I will give it a try today and see if it gets better. I tried to configure vllm the other day but it gave same output as ollama. I guess using the repo settings might be better

[-]

samoxis@reddit

If you tried vllm and got similar numbers to ollama, context size is likely the bottleneck regardless of backend. At 196k you're bandwidth-bound, not compute-bound. Try 8k context and compare again.

[-]

No-Refrigerator-1672@reddit

It's impossible. On Ampere, vllm easily does 5x the speed of llama.cpp, and ollama by extension (it is based on llama.cpp). You probably set up it wrong. You can copy the launch commands from my post.

[-]

wgaca2@reddit (OP)

I will look into it

[-]

Herr_Drosselmeyer@reddit

Ballpark, that doesn't sound wrong.

[-]

samoxis@reddit

196k context is killing your speed — KV cache alone is 15GB+ across both GPUs. Drop to 8k-16k for daily use and you'll see 40-50 t/s easily on 2x3090. Reserve the big context for specific tasks only.
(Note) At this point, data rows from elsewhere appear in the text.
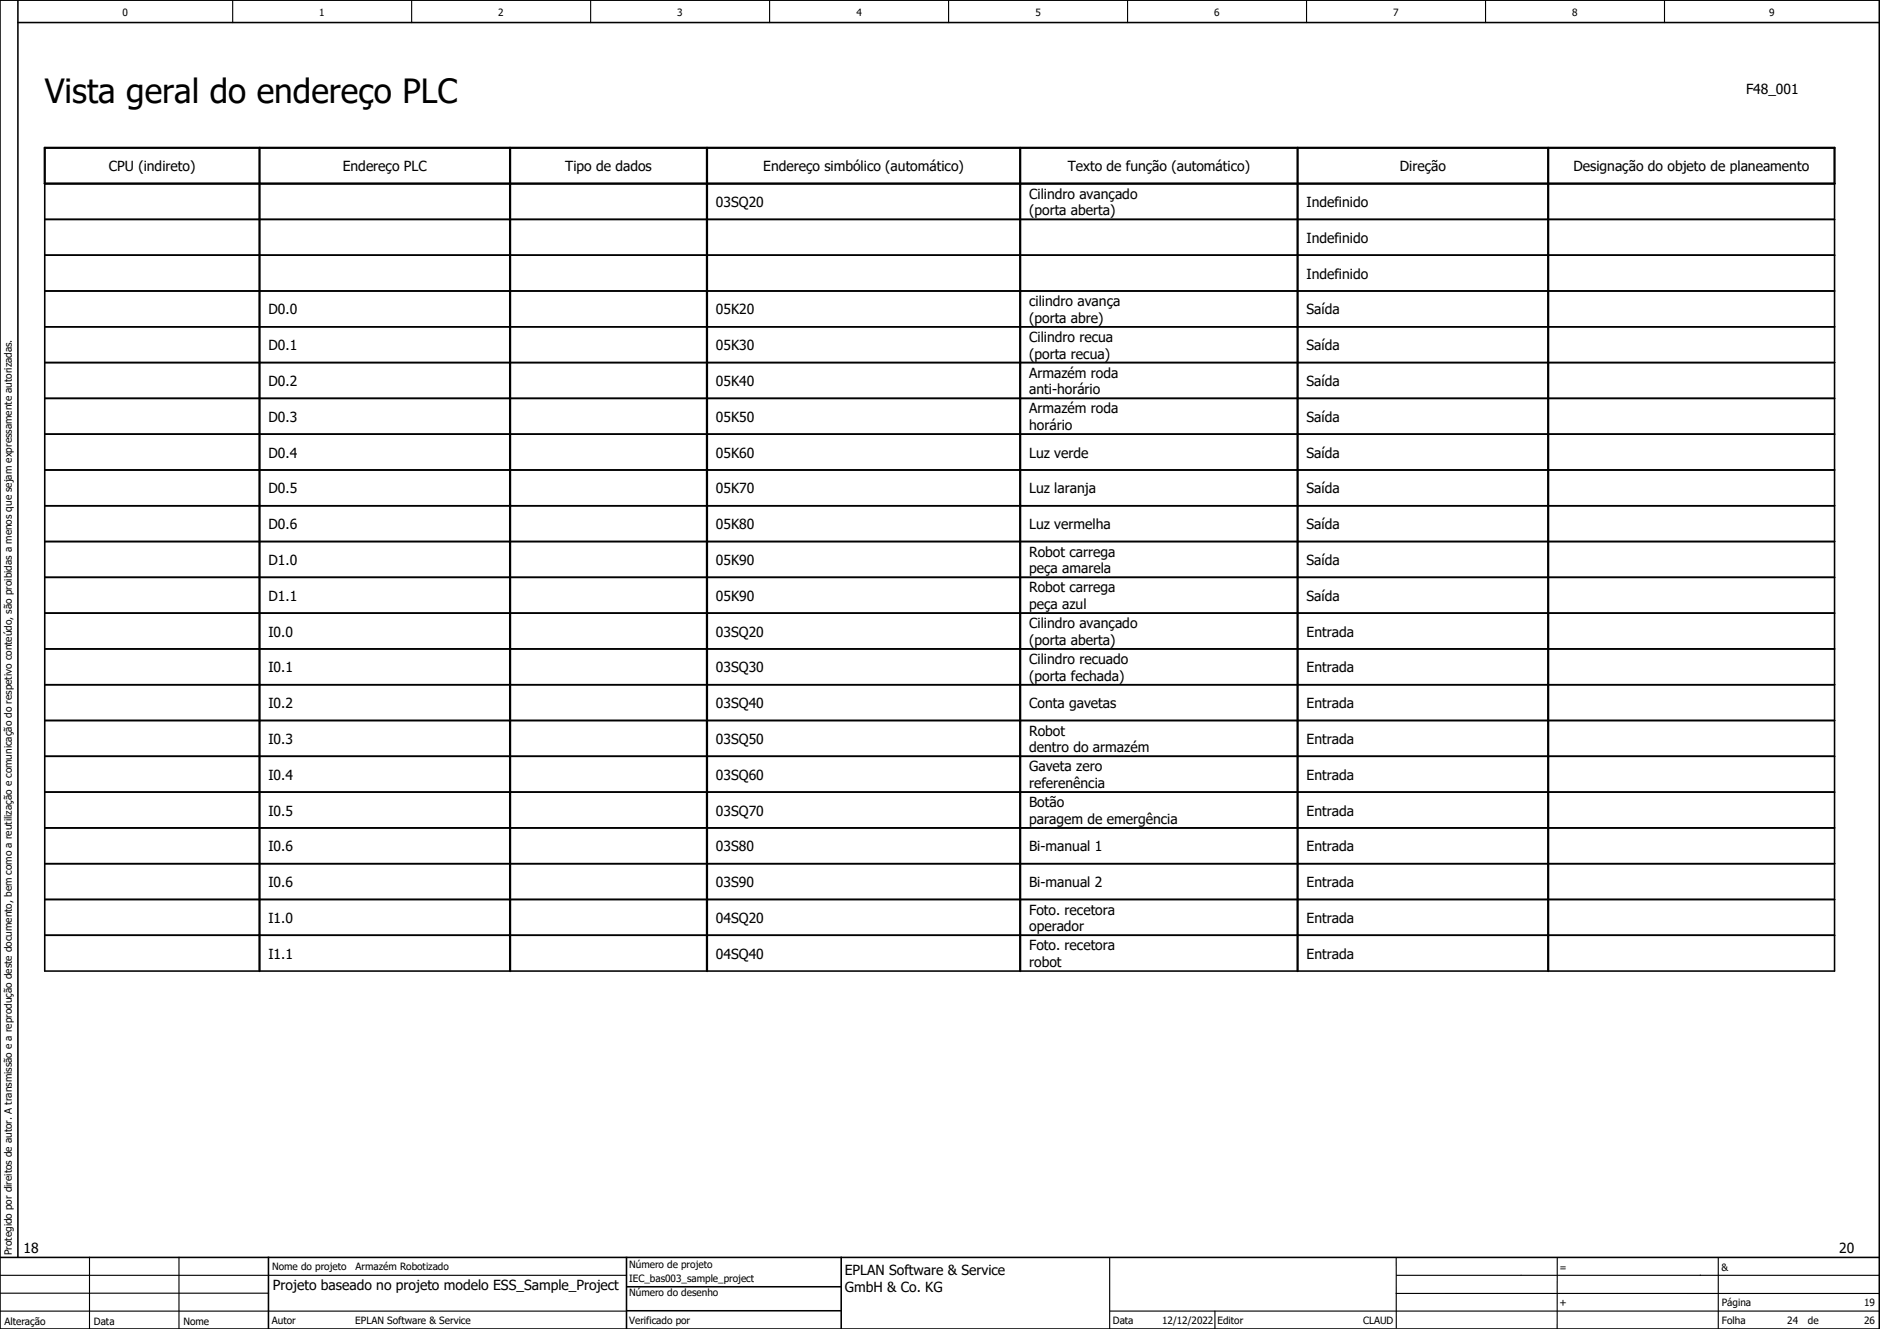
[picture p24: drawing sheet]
<svg xmlns="http://www.w3.org/2000/svg" width="420mm" height="297mm" viewBox="0 0 420 297" stroke-linecap="round" stroke-linejoin="round" font-family="sans-serif">
<defs><g id="words">
<text font-size="7.5" x="10" y="23">Vista geral do endereço PLC</text>
<g font-size="3.1">
<text x="390.2" y="21">F48_001</text>
<text x="24.3" y="38.3">CPU (indireto)</text>
<text x="76.6" y="38.3">Endereço PLC</text>
<text x="126.3" y="38.3">Tipo de dados</text>
<text x="170.6" y="38.3">Endereço simbólico (automático)</text>
<text x="238.6" y="38.3">Texto de função (automático)</text>
<text x="312.8" y="38.3">Direção</text>
<text x="351.7" y="38.3">Designação do objeto de planeamento</text>
<text x="160" y="46.3">03SQ20</text>
<text x="230" y="44.4">Cilindro avançado</text>
<text x="292" y="46.3">Indefinido</text>
<text x="230" y="48.1">(porta aberta)</text>
<text x="292" y="54.3">Indefinido</text>
<text x="292" y="62.3">Indefinido</text>
<text x="60" y="70.3">D0.0</text>
<text x="160" y="70.3">05K20</text>
<text x="230" y="68.4">cilindro avança</text>
<text x="292" y="70.3">Saída</text>
<text x="230" y="76.4">Cilindro recua</text>
<text x="230" y="72.1">(porta abre)</text>
<text x="60" y="78.3">D0.1</text>
<text x="160" y="78.3">05K30</text>
<text x="230" y="80.1">(porta recua)</text>
<text x="292" y="78.3">Saída</text>
<text x="60" y="86.3">D0.2</text>
<text x="160" y="86.3">05K40</text>
<text x="230" y="84.4">Armazém roda</text>
<text x="230" y="88.1">anti-horário</text>
<text x="292" y="86.3">Saída</text>
<text x="60" y="94.3">D0.3</text>
<text x="160" y="94.3">05K50</text>
<text x="230" y="92.4">Armazém roda</text>
<text x="292" y="94.3">Saída</text>
<text x="230" y="96.1">horário</text>
<text x="60" y="102.3">D0.4</text>
<text x="160" y="102.3">05K60</text>
<text x="230" y="102.3">Luz verde</text>
<text x="292" y="102.3">Saída</text>
<text x="60" y="110.3">D0.5</text>
<text x="160" y="110.3">05K70</text>
<text x="230" y="110.3">Luz laranja</text>
<text x="292" y="110.3">Saída</text>
<text x="60" y="118.3">D0.6</text>
<text x="160" y="118.3">05K80</text>
<text x="230" y="118.3">Luz vermelha</text>
<text x="292" y="118.3">Saída</text>
<text x="230" y="124.4">Robot carrega</text>
<text x="60" y="126.3">D1.0</text>
<text x="160" y="126.3">05K90</text>
<text x="230" y="128.1">peça amarela</text>
<text x="292" y="126.3">Saída</text>
<text x="60" y="134.3">D1.1</text>
<text x="160" y="134.3">05K90</text>
<text x="230" y="132.4">Robot carrega</text>
<text x="230" y="136.1">peça azul</text>
<text x="292" y="134.3">Saída</text>
<text x="60" y="142.3">I0.0</text>
<text x="160" y="142.3">03SQ20</text>
<text x="230" y="140.4">Cilindro avançado</text>
<text x="292" y="142.3">Entrada</text>
<text x="230" y="144.1">(porta aberta)</text>
<text x="230" y="148.4">Cilindro recuado</text>
<text x="60" y="150.3">I0.1</text>
<text x="160" y="150.3">03SQ30</text>
<text x="230" y="152.1">(porta fechada)</text>
<text x="292" y="150.3">Entrada</text>
<text x="60" y="158.3">I0.2</text>
<text x="160" y="158.3">03SQ40</text>
<text x="230" y="158.3">Conta gavetas</text>
<text x="292" y="158.3">Entrada</text>
<text x="60" y="166.3">I0.3</text>
<text x="160" y="166.3">03SQ50</text>
<text x="230" y="164.4">Robot</text>
<text x="292" y="166.3">Entrada</text>
<text x="230" y="168.1">dentro do armazém</text>
<text x="230" y="172.4">Gaveta zero</text>
<text x="60" y="174.3">I0.4</text>
<text x="160" y="174.3">03SQ60</text>
<text x="230" y="176.1">referenência</text>
<text x="292" y="174.3">Entrada</text>
<text x="60" y="182.3">I0.5</text>
<text x="160" y="182.3">03SQ70</text>
<text x="230" y="180.4">Botão</text>
<text x="230" y="184.1">paragem de emergência</text>
<text x="292" y="182.3">Entrada</text>
<text x="60" y="190.3">I0.6</text>
<text x="160" y="190.3">03S80</text>
<text x="230" y="190.3">Bi-manual 1</text>
<text x="292" y="190.3">Entrada</text>
<text x="60" y="198.3">I0.6</text>
<text x="160" y="198.3">03S90</text>
<text x="230" y="198.3">Bi-manual 2</text>
<text x="292" y="198.3">Entrada</text>
<text x="60" y="206.3">I1.0</text>
<text x="160" y="206.3">04SQ20</text>
<text x="230" y="204.4">Foto. recetora</text>
<text x="230" y="208.1">operador</text>
<text x="292" y="206.3">Entrada</text>
<text x="60" y="214.3">I1.1</text>
<text x="160" y="214.3">04SQ40</text>
<text x="230" y="212.4">Foto. recetora</text>
<text x="292" y="214.3">Entrada</text>
<text x="230" y="216.1">robot</text>
<text x="5.3" y="280">18</text>
<text x="411" y="280">20</text>
<text x="188.8" y="285">EPLAN Software &amp; Service</text>
<text x="61" y="288.2">Projeto baseado no projeto modelo ESS_Sample_Project</text>
<text x="188.8" y="288.8">GmbH &amp; Co. KG</text>
</g>
<g font-size="2.2">
<text x="27.4" y="3.5">0</text>
<text x="71.4" y="3.6">1</text>
<text x="111.4" y="3.5">2</text>
<text x="151.4" y="3.5">3</text>
<text x="191.4" y="3.5">4</text>
<text x="231.4" y="3.5">5</text>
<text x="271.4" y="3.5">6</text>
<text x="311.4" y="3.5">7</text>
<text x="351.4" y="3.5">8</text>
<text x="395.4" y="3.5">9</text>
<text x="2.7" y="280.5" transform="rotate(-90 2.7 280.5)">Protegido por direitos de autor. A transmissão e a reprodução deste documento, bem como a reutilização e comunicação do respetivo conteúdo, são proibidas a menos que sejam expressamente autorizadas.</text>
<text x="60.8" y="283.9">Nome do projeto</text>
<text x="79.5" y="283.9">Armazém Robotizado</text>
<text x="140.6" y="286.5">IEC_bas003_sample_project</text>
<text x="140.6" y="283.3">Número de projeto</text>
<text x="348.5" y="284">=</text>
<text x="384.7" y="284">&amp;</text>
<text x="140.6" y="289.6">Número do desenho</text>
<text x="348.5" y="291.8">+</text>
<text x="384.8" y="291.8">Página</text>
<text x="416.6" y="291.8">19</text>
<text x="1" y="296">Alteração</text>
<text x="21" y="296">Data</text>
<text x="41" y="296">Nome</text>
<text x="60.8" y="295.9">Autor</text>
<text x="79.4" y="295.9">EPLAN Software &amp; Service</text>
<text x="140.6" y="295.8">Verificado por</text>
<text x="248.7" y="295.8">Data</text>
<text x="259.7" y="295.8">12/12/2022</text>
<text x="272.1" y="295.8">Editor</text>
<text x="304.6" y="295.8">CLAUD</text>
<text x="384.8" y="295.8">Folha</text>
<text x="399.4" y="295.8">24</text>
<text x="404" y="295.8">de</text>
<text x="416.6" y="295.8">26</text>
</g>
</g></defs>
<g fill="none" stroke="#000" stroke-width=".25">
<path d="M52 0v5M92 0v5M132 0v5M172 0v5M212 0v5M252 0v5M292 0v5M332 0v5M372 0v5M0 293h140M0 285h140M0 289h60"/>
<path d="M20 281v16M40 281v16M248 281.1v15.9M248.1 293h171.9M271.5 293.1v3.9M312 281.2l.1 15.6M312 289.1h107.9M348 281.1v15.9M384 281.2v15.7M420 285h-108"/>
</g>
<g fill="none" stroke="#000" stroke-width=".35">
<path d="M0 0h420v297h-420zM4 5h416M4 0v281M10 49h400M10 41h400v176h-400zM10 57h400M10 65h400M10 73h400M10 81h400M10 97h400M10 89h400M10 105h400"/>
<path d="M10 113h400M10 121h400M10 129h400M10 137h400M10 145h400M10 153h400M10 161h400M10 169h400M10 177h400M10 185h400M10 193h400M10 201h400"/>
<path d="M10 209h400M0 281h420M60 281v16M140 287.6h48M140 281.1v15.8M140.1 293h47.9M188 281v16"/>
</g>
<path d="M10 33h400v8h-400zM58 33v184M114 33v184M158 33v184M228 33v184M290 33v184M346 33v184" fill="none" stroke="#000" stroke-width=".5"/>
<use href="#words"/>
</svg>

Also OLLAMA_KV_CACHE_TYPE=q8_0 helps reduce KV memory without much quality loss.

[-]

Daemontatox@reddit

Your first mistake is using ollama , use llama.cpp , iyou have the GPU , use vllm with tensor parallelism and fp8 , idk if rtx 3090 support nvfp4 or no . Or if you are using the same prompts/msgs like data processing with static system prompt , try sglang with same settings and use FlashInfer cutllas.

Another option thats really great is MAX from Modular , its faster than vllm by a tiny bit but its not as stable sadly

[-]

tmvr@reddit

Using llamacpp directly will already be faster (about 2x your numbers) and switching to vLLM and tensor parallel and MTP will speed it up even more.